L’inquinamento ha toccato le province di Vicenza, Padova e Verona. Un territorio abitato da quasi 350mila cittadini. Decine i milioni di euro di risarcimento danni. Si tratta del risultato di un’importante opera di denuncia fatta dalla società civile e di indagine del Noe dei carabinieri. Adesso bisognerà mettere in sicurezza e bonificare tutta l’area contaminata, a tutela dell’ambiente e della salute delle persone.

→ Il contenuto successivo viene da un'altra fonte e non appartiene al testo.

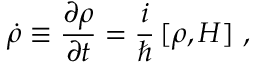<formula> <loc_0><loc_0><loc_500><loc_500>\dot { \rho } \equiv \frac { \partial \rho } { \partial t } = { \frac { i } { } } \, [ \rho , H ] \ ,</formula>

La sentenza del Tribunale di Vicenza è da considerarsi storica e segna un clamoroso cambio di passo nella sfida nazionale e europea agli inquinanti eterni, noti anche come Pfas. – ha dichiarato, in esclusiva per Notizie.com, Giuseppe Ungherese, responsabile della campagna inquinamento di Greenpeace Italia – Grazie all’inasprimento delle norme ambientali introdotte negli ultimi anni nell’ordinamento nazionale, siamo arrivati a pene severe. Le condanne comminate a Vicenza sono un monito importante per tutte quelle realtà industriali. Realtà che, ancora oggi, producono o usano queste sostanze e le sversano, in maniera più o meno consapevole, nell’ambiente”.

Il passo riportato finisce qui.